Comment by mlyle
5 days ago
Depends upon the intelligence vs compute scaling law— which I think no one really knows. Pretty likely to be some degree of diminishing returns, but how much? Is it logarithmic, inverse quadratic, …
If training models gets way cheaper, I would expect the diminishing returns to get steeper too.
And you're right, no one has any clue what the limits of intelligence are. Though to me it seems odd that humanity has reached the pinnacle of it in the last million years or so after a few billion years of lifes development. Just seems improbable we are close to the limits.
I am not making an argument about limits. I just expect some degree of diminishing returns.

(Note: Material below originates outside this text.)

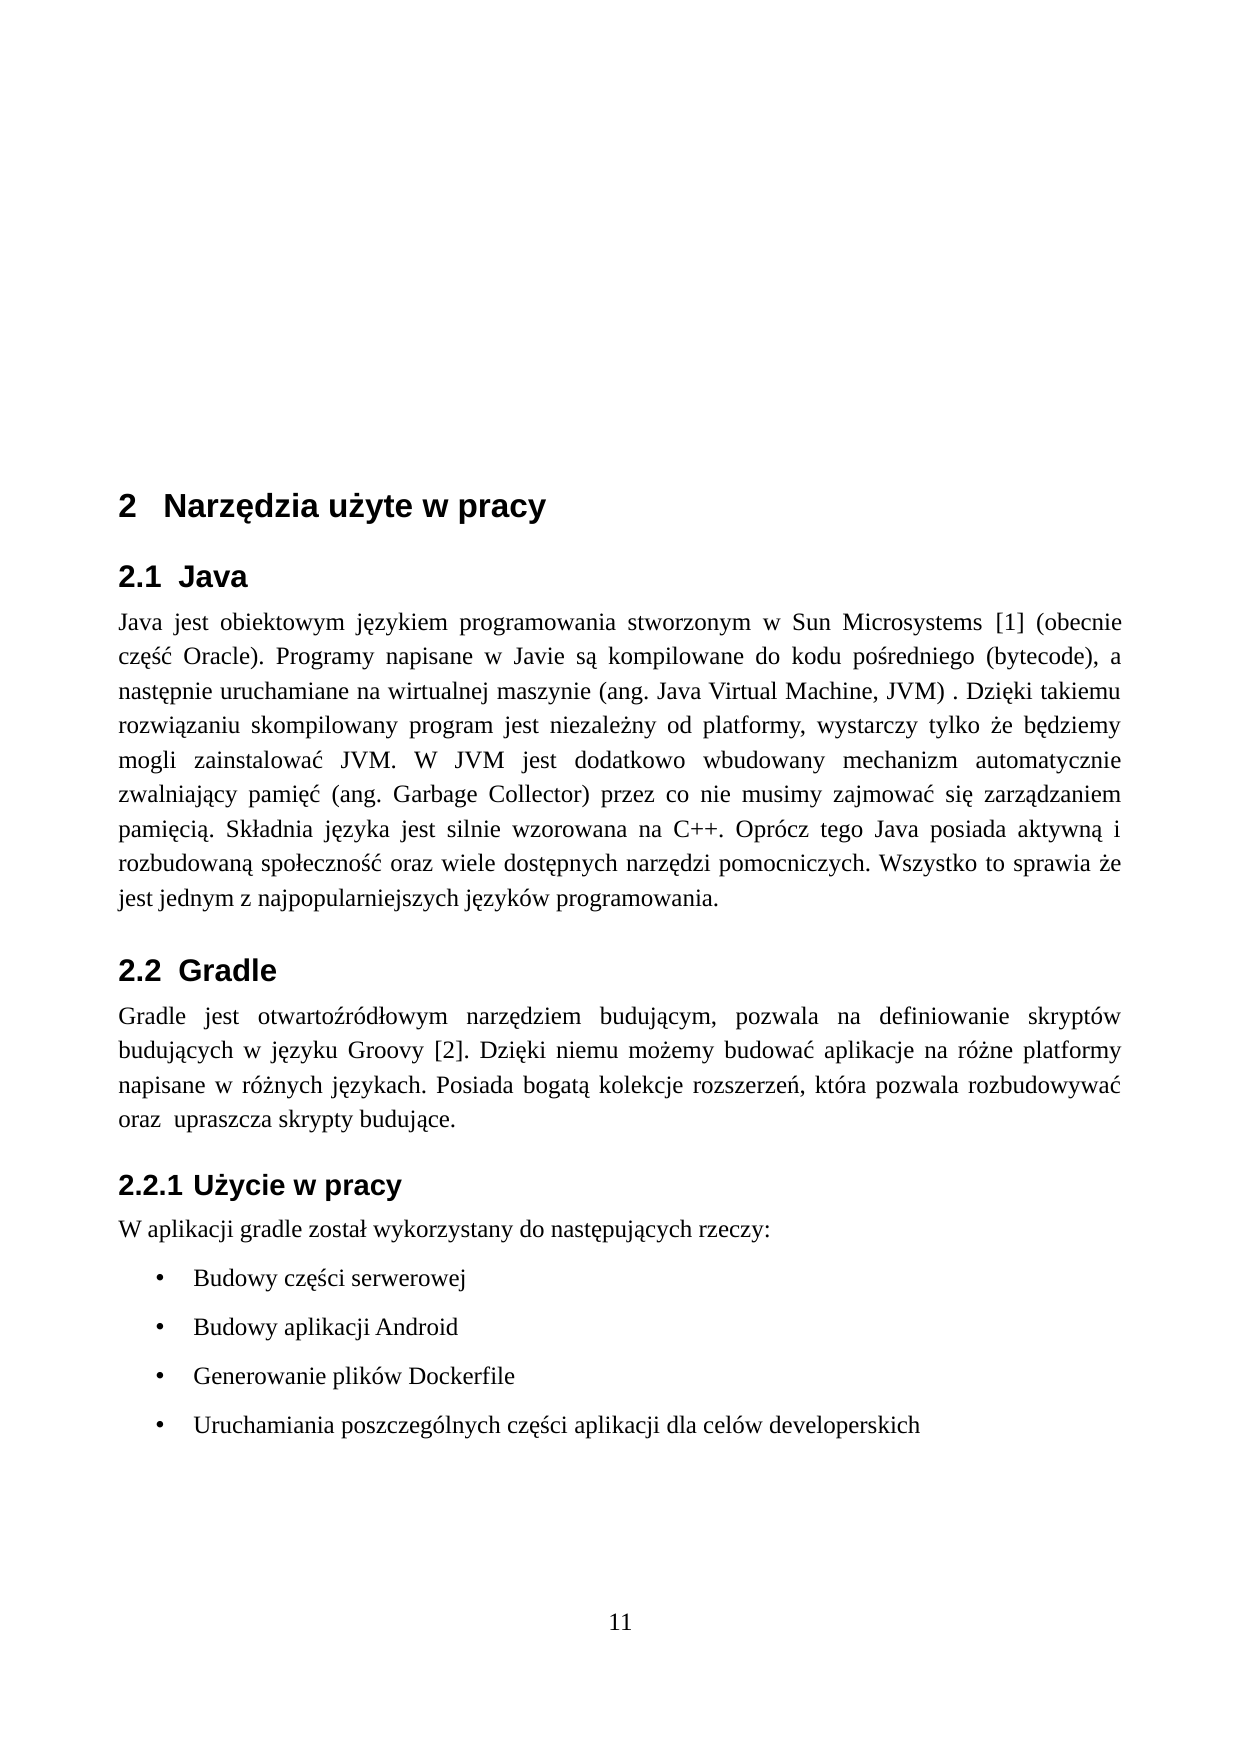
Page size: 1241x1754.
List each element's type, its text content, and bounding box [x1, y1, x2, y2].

A related argument is speed of intelligence vs capability at that speed. You can think of a three way trade off between latency, cost, and capability that is unlikely to be linear in any dimension and that changes in steps as technology or biology evolves.
Ultimately relating to the properties of the computing substrate and almost certainly bounded by some kind of thermodynamic limits that present systems do not approach.

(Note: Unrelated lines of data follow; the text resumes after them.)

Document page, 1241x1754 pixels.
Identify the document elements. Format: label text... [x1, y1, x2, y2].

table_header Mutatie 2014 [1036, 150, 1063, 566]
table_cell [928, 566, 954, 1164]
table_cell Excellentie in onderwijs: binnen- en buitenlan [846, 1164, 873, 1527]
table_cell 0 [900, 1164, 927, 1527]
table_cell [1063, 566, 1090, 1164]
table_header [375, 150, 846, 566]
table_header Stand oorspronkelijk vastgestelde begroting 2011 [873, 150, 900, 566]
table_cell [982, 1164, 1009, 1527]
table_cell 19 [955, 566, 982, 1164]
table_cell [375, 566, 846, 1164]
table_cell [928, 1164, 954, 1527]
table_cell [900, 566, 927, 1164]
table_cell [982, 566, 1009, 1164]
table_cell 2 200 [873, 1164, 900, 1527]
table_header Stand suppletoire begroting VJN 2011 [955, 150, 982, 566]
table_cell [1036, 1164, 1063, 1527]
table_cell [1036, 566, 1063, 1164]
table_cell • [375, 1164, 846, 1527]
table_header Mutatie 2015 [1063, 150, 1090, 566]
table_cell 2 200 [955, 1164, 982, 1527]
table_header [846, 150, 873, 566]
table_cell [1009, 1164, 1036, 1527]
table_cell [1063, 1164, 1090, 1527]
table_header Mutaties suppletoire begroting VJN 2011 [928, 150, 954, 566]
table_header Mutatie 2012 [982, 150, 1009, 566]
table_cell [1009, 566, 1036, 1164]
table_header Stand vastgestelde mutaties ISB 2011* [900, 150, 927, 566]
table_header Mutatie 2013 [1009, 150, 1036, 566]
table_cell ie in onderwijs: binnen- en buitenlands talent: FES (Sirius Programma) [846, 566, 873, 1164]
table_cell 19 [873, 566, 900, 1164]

>Pretty likely to be some degree of diminishing returns
intelligence may be different. If we look at biological brains - do we get diminishing returns or completely opposite scaling law when we compare our brain against say gorilla's ?
Interesting thought to consider in principle but fails because gorilla brains continued to evolve too, just along a different path. They're not snapshots of ancestral species locked in time.
Also, it’s definitely diminishing returns, by weight, at least.
Architecture / biological structure matters more.
I’d expect weight and wattage to be proportional for animals, at least.